The distribution of gender across levels exhibits an inverse relationship. As the level increases, there is a decrease in the representation of males and an increase in the presence of females. This is a pivotal result, considering the population difference is small. This gap is explained through the differences on parents background, and better performance on writing and reading. It should also be taken into account that lunch and course differences are relatively small, even though they have proven to be relevant.

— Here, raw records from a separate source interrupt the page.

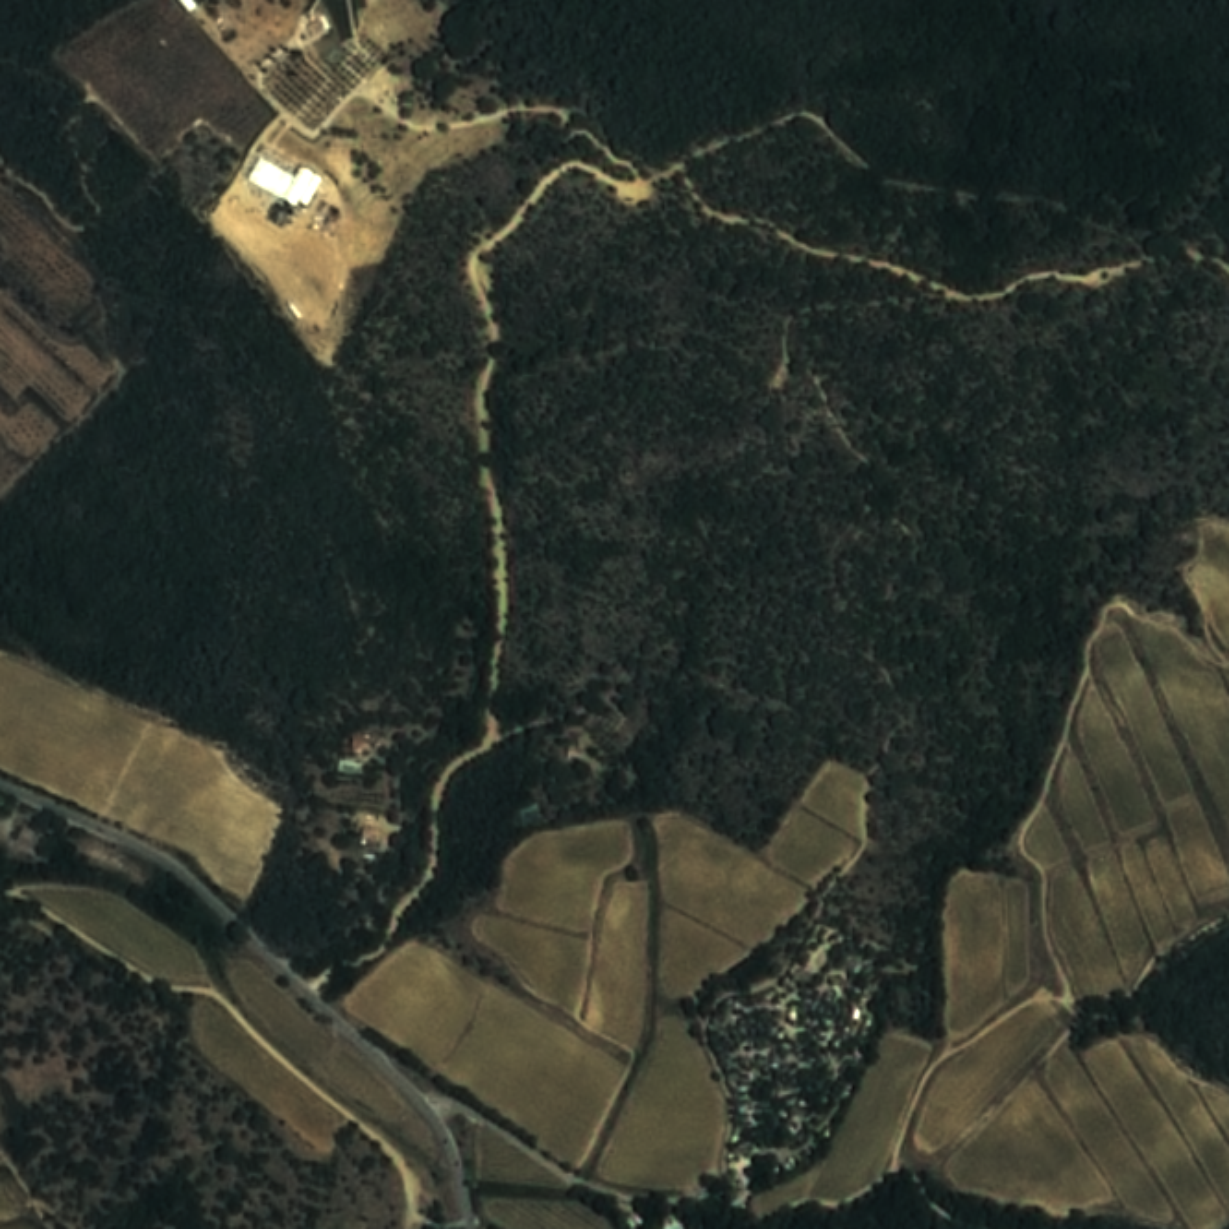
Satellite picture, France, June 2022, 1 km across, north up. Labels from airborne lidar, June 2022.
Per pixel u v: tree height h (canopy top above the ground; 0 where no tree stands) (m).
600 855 0
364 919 10
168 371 9
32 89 6
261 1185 8
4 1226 0
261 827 0
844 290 6
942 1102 0
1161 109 16
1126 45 6
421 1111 0
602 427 6
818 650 9
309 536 7
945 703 7
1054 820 0
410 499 8
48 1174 11
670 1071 0
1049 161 10
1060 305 13
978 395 9
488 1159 0
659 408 7
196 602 6
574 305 9
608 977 0
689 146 11
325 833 10
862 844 0
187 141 6
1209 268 8
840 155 6
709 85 9
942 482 7
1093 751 0
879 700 7
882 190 11
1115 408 11
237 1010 0
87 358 0
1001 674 9
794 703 9
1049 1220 6
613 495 6
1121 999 13
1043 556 9
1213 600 0
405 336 8
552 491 8
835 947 6
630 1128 0
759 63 9
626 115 7
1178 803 0
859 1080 10
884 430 8
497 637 10
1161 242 13
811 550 8
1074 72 15
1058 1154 0
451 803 7
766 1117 10
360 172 7
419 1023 0
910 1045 0
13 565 9
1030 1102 0
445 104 10
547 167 8
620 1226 13
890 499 12
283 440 7
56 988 8
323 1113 0
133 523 9
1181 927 0
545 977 0
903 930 8
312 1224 9
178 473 10
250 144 0
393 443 12
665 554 8
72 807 7
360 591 6
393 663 7
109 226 10
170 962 0
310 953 7
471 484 8
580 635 7
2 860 18
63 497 7
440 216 6
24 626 10
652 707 9
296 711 10
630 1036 0
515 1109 0
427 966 0
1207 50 8
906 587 10
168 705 9
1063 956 0
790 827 0
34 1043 11
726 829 9
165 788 0
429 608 9
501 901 0
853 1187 0
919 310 10
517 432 9
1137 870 0
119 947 0
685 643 7
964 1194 10
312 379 7
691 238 9
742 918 0
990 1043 0
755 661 10
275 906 14
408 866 10
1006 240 9
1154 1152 0
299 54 11
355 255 0
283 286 0
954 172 12
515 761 6
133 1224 10
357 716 9
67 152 10
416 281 10
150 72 0
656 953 0
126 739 0
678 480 9
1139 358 11
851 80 8
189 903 8
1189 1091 0
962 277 9
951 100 12
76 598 9
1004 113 16
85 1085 12
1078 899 0
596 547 9
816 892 8
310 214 0
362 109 0
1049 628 8
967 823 11
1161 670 0
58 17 10
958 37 9
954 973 0
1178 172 11

Now, onto the race dataframe.

In [None]:
fig, axes = plt.subplots(1, len(race_df.columns), figsize=(15, 5))
for i, column_name in enumerate(race_df.columns):
    sns.barplot(x=race_df.index, y=column_name, data=race_df, ax=axes[i], palette = 'Paired')
    axes[i].set_title(column_name)
    axes[i].set_ylabel('Value')
    axes[i].tick_params(rotation=90)

plt.tight_layout()
plt.show()

* Group E seems to be on top in every chart. Specially in the course completion, noted before as an important factor in the students' level.
* For the rest of groups, light discrepancies such as parent education or course completion.
* On the level category, group A is performing the lowest. This verifies the importance of the parent education and lunch values, as group A has the lowest on both of them. Although this group is the smallest in terms of students on the school, cultural factors should be taken into account. 

## Correlation
Lastly, a brief correlation analysis to put an end, followed by conclusions. We have already discussed the influence of some of the columns on the level. However, some questions still remain, such as:

* Which is more important, parents' education, lunch, or completing the course?
* All tests benefit the same from each factor? Maybe the course improves math in a way it does not improve reading or writing.

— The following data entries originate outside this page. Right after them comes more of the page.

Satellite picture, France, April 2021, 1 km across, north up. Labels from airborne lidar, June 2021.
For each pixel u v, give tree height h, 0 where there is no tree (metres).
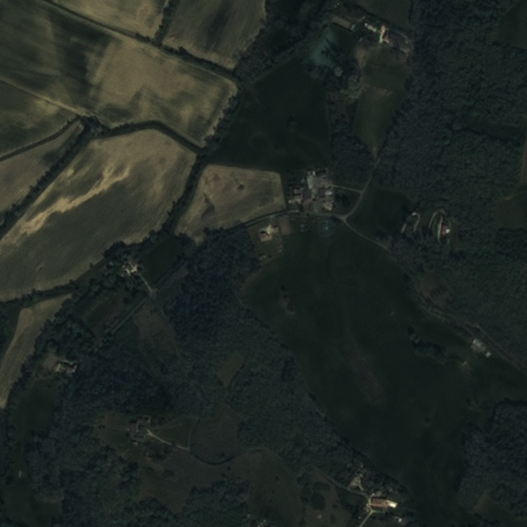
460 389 0
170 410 18
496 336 18
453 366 0
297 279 0
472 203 20
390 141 16
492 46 14
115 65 0
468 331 16
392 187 13
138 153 0
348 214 0
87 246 0
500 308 14
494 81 15
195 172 6
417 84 15
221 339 15
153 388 29
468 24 16
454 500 0
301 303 0
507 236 8
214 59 0
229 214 0
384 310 0
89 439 21
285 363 14
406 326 0
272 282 0
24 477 0
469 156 16
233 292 18
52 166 0
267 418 17
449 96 27
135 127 9
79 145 16
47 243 0
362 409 0
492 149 19
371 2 0
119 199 0
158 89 0
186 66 0
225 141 0
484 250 15
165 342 0
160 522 18
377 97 0
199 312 19
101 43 0
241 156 0
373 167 20
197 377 12
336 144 16
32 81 0
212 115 0
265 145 0
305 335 0
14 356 0
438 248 20
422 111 18
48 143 0
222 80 0
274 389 16
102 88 0
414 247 21
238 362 0
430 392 0
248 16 0
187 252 24
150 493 0
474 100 23
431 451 0
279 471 0
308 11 20
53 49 0
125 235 0
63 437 19
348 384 0
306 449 6
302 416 18
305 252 0
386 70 0
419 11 17
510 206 0
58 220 0
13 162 0
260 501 0
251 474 0
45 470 19
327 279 0
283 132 0
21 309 0
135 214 0
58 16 0
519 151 13
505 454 19
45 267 0
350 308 0
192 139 0
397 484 13
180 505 0
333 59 18
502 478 23
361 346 0
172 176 0
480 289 12
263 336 11
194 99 0
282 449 17
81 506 23
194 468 0
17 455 0
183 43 0
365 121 0
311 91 0
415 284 16
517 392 0
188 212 0
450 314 15
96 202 0
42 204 0
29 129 0
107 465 13
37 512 0
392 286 0
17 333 0
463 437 0
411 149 17
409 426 0
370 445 0
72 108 0
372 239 0
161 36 11
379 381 0
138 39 13
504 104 13
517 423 14
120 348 17
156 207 0
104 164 0
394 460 0
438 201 22
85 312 15
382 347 0
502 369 0
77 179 0
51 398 0
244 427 14
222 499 11
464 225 19
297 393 21
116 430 0
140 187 0
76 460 22
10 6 0
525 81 7
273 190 0
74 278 0
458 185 18
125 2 0
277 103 0
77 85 0
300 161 0
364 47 21
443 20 29
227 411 0
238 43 0
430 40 21
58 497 18
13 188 0
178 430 0
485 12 21
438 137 15
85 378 27
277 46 0
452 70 19
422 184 21
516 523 0
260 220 0
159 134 0
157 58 0
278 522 0
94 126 20
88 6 0
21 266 0
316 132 0
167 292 0
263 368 9
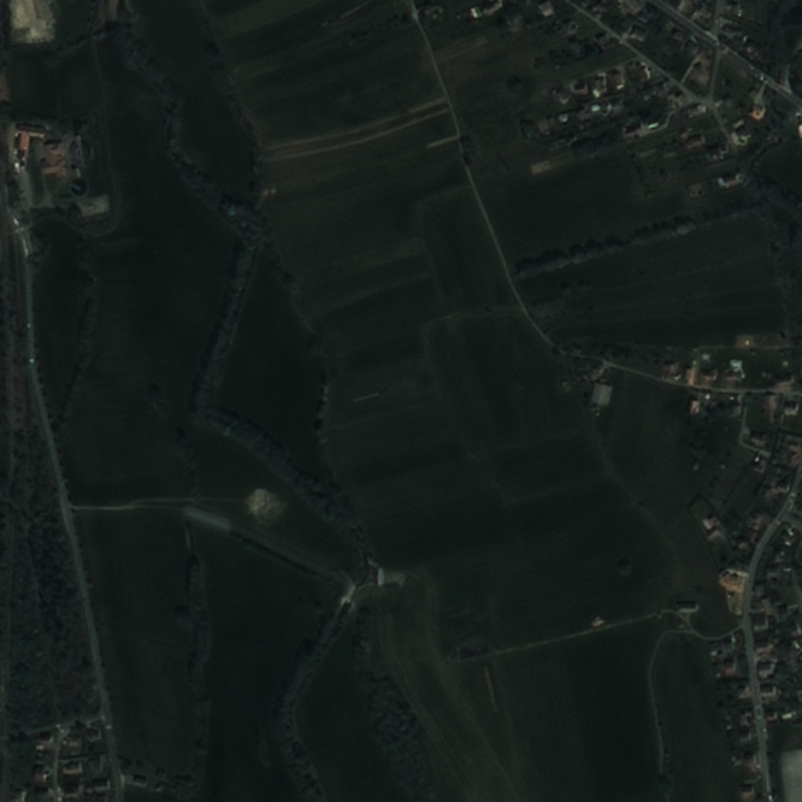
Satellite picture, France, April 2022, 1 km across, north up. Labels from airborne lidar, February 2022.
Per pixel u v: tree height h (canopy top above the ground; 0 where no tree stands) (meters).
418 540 0
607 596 0
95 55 0
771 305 0
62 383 0
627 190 0
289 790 0
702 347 0
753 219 0
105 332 0
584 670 0
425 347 0
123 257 0
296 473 14
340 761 0
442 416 0
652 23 11
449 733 0
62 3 0
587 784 0
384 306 0
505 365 0
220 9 0
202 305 0
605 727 0
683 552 0
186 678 0
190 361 0
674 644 0
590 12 8
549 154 0
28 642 23
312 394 0
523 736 0
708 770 0
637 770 0
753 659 0
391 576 0
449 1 0
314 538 0
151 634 0
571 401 0
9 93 0
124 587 0
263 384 0
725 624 0
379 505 0
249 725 0
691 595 0
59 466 0
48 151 0
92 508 0
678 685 0
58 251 0
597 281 0
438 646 0
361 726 0
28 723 24
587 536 0
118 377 0
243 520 0
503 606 0
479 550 0
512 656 0
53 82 0
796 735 0
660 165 0
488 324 0
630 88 0
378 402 0
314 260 0
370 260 0
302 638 0
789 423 0
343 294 0
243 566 0
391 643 0
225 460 0
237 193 0
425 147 0
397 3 0
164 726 0
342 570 0
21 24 0
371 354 0
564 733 0
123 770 0
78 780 0
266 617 0
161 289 0
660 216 0
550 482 0
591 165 0
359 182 0
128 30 22
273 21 0
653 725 0
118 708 0
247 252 23
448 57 0
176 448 0
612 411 0
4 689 0
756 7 0
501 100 0
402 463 0
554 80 0
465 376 0
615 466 0
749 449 0
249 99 0
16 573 11
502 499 0
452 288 0
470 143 7
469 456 0
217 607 0
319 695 0
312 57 0
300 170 0
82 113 0
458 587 0
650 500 0
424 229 0
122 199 0
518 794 0
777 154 0
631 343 0
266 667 0
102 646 0
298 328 0
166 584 0
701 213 0
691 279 0
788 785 0
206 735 9
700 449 13
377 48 0
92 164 0
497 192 0
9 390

I decided to use pd.Categorical to turn gender and race values to numbers, even though some information may be lost on this process.

In [None]:
df_corr = df
df_corr['gender']=pd.Categorical(df_corr['gender']).codes
df_corr['race']=pd.Categorical(df_corr['race']).codes
plt.figure(figsize = (10,6))
sns.heatmap(df_corr.corr(), annot = True)
plt.show()

## Conclusions
* Gender and race are relevant. In detail, females and group E have better scores.
* parent_education, lunch and course will mean better results. Specifically, lunch-math, course-writing, parent_education-writing have the biggest correlation.
* As schools cannot work on determined factors, as parental background, it is important to understand how improvement can be achieved. Lunch and course play a bigger role than parents' education on the level result, following the correlation chart. Schools may use this data to promote nutrition education and emphasizing on courses.
* Having a standard lunch before the test brings the best results overall.